I've had an account at Ameritrade since they first opened. I'm not sure why I keep that particular account, but suffice it to say, I have made them a lot of money over the last eight or so years. They claim to have this wonderful security system, that no one can get through, many IT guys working around the clock to ensure all of their clients' personal information is secure, blah blah blah.

So imagine my surprise when I received a virus/spam email address to the email address that I use for my Ameritrade account.

As in, I use that email address for only communication with Ameritrade.

The email I send to them with that email address is encrypted from my system to theirs. The only way, as far as I can tell, for that email address to get out is either from some leak on my Linux box that's been turned off for the last 10 months, or some leak in their internal systems.

As I've done with a dozen other sites and businesses that "lose" one of my very specific email addresses, I contacted them to let them know they had a problem with their systems, please look into it. Usually I get a response back the following day denying the incident, and I respond with a, "no, no, here's the system you need to look at," quoting a particular IP address. Thus far, each and every company I've contacted has eventually responded with an apology and an admittance of a virus.

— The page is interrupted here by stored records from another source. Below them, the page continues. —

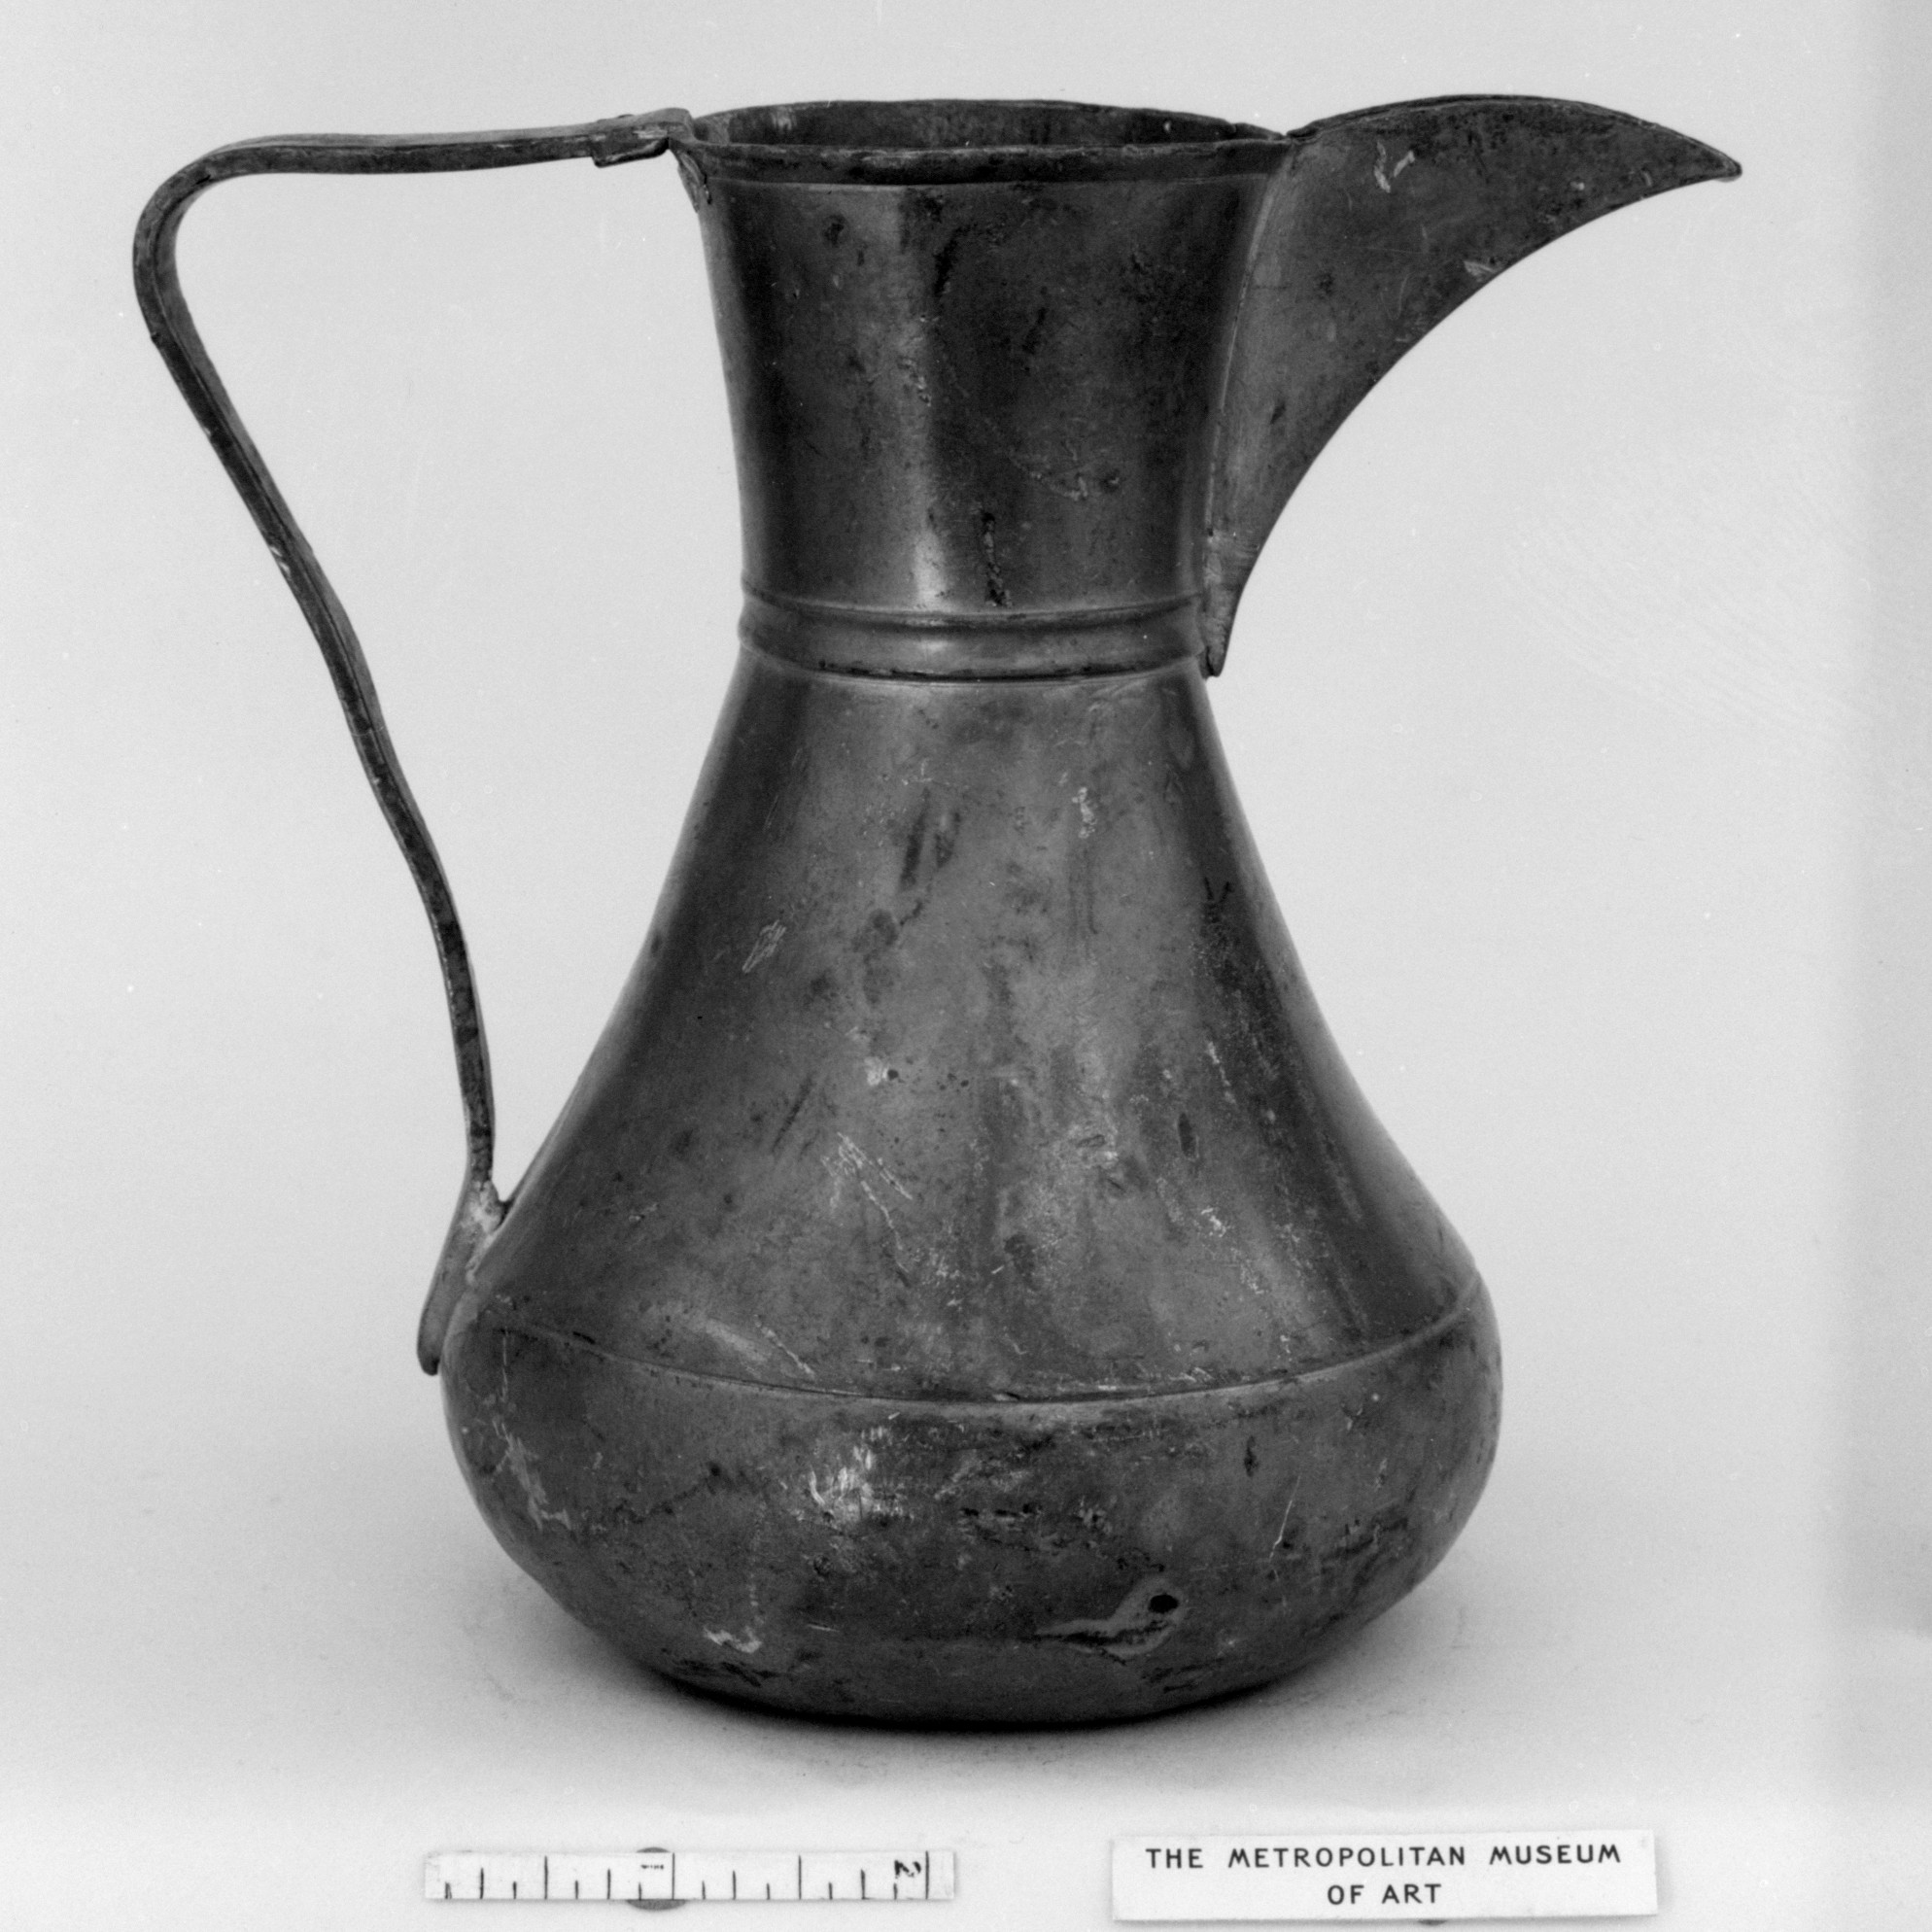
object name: ewer
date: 1567-1633
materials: pewter

Not so with Ameritrade. Instead, they let me know that the problem was clearly a bruteforce attack of spammers, by going alphabetically through the dictionary and appending my domain name to the words, they've magically come upon my secret Ameritrade email address (which, by the way, contains no dictionary words in it - none), so clearly there's no virus inside their hallowed firewalls.

Complete and utter bullsh*t.

Any network that is 1. attached to the Internet in general and 2. has people actually using it is not 100% secure, and no one, absolutely no one will ever convince me otherwise. Too many reports (which, admittedly, I should track down so that I have proof of the following statement, but at the moment, I'm distracted) detailing social engineering break-ins, "innocent" downloads or even malicious jpg images, and, well, just plain stupid people in the world to be able to guarantee a completely secure network.

Flippant answers, canned answers and completely wrong answers all annoy me. Tragically, I have little faith any of the other trading houses are going to be any more diligent in their security, or even their customer responses. Hell, a "let me forward this to our security specialists, even though I really don't think this is a problem" is better than a patronizing, "clearly you're wrong if you think there's a problem with our security" reply.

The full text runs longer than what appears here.